WHAT THIS TASK INVOLVES: Transcribe all the entries word for word, skipping the pictures.

EXERCISE DATA:
━━━━

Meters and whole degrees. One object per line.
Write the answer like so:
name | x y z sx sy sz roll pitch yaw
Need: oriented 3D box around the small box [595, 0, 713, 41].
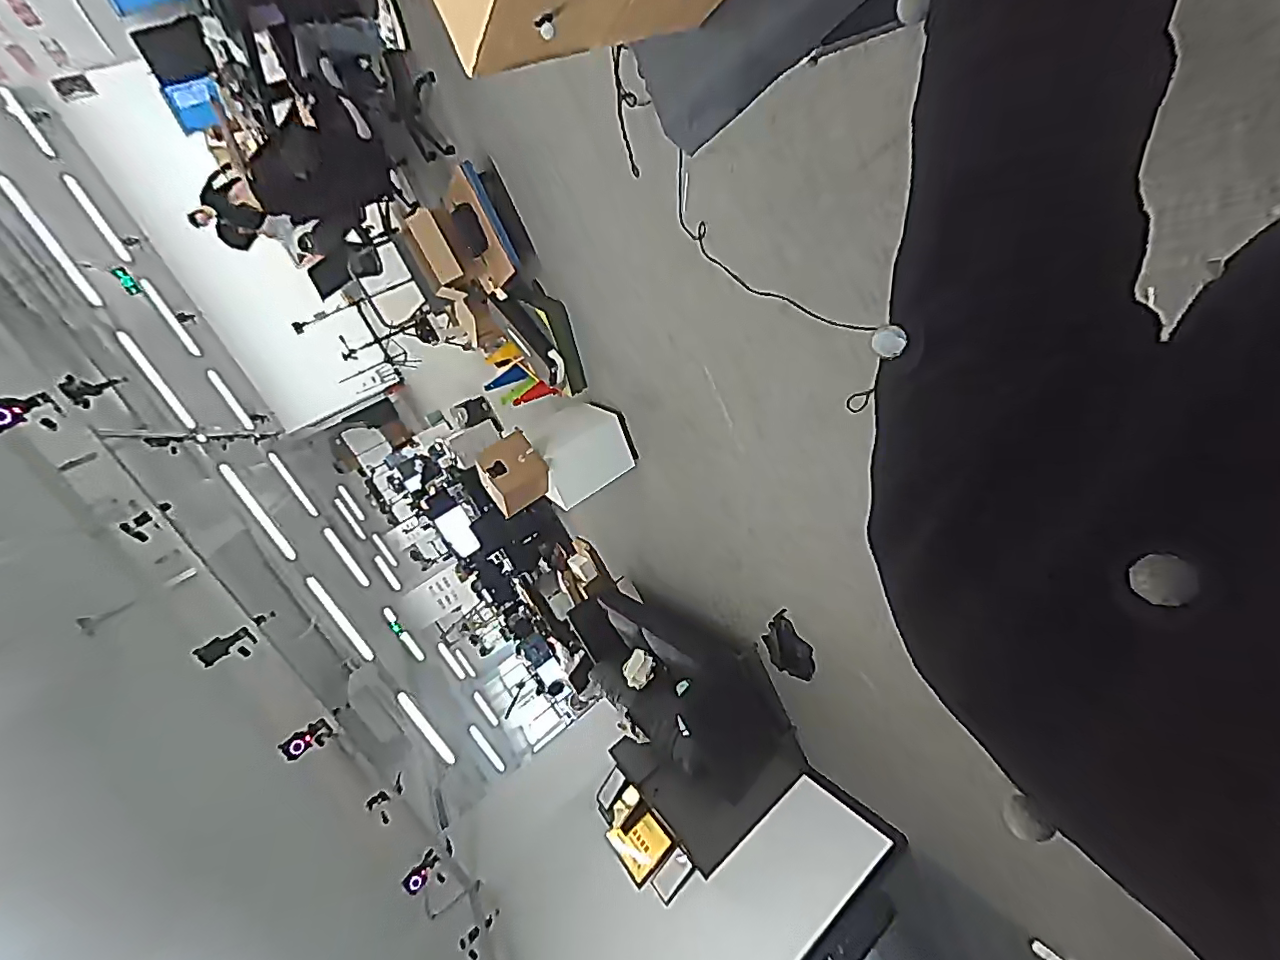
small box | 0.023 -0.615 0.566 0.179 0.176 0.168 14 132 60

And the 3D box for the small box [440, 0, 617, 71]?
small box | -0.108 -0.537 0.507 0.179 0.176 0.168 9 128 63
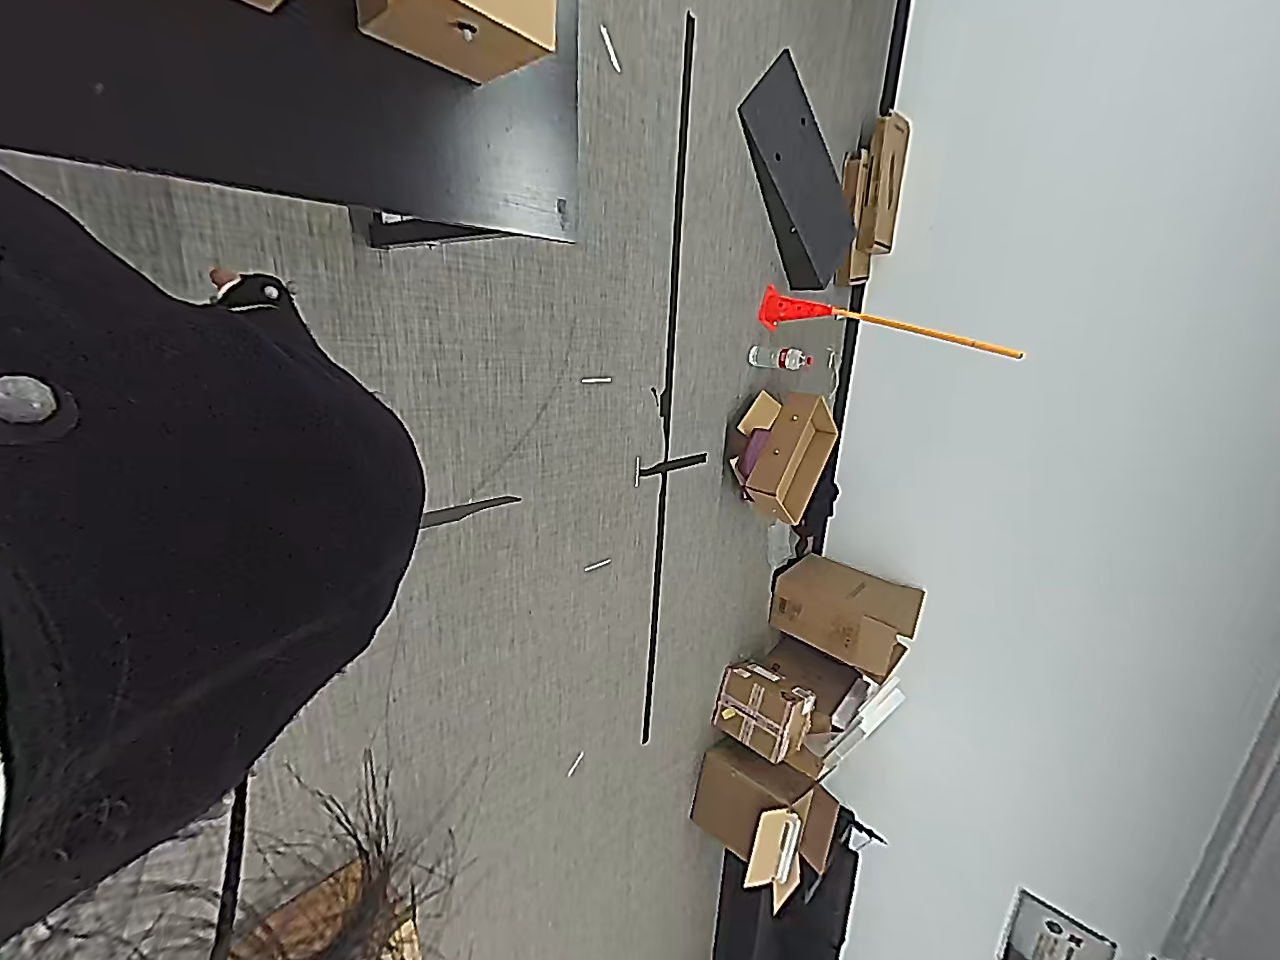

━━━━

RESPONSE TO THIS TASK:
Meters and whole degrees. One object per line.
Write the answer like so:
name | x y z sx sy sz roll pitch yaw
Need: oriented 3D box around the small box [595, 0, 713, 41].
small box | 0.023 -0.615 0.566 0.179 0.176 0.168 14 132 60

And the 3D box for the small box [440, 0, 617, 71]?
small box | -0.108 -0.537 0.507 0.179 0.176 0.168 9 128 63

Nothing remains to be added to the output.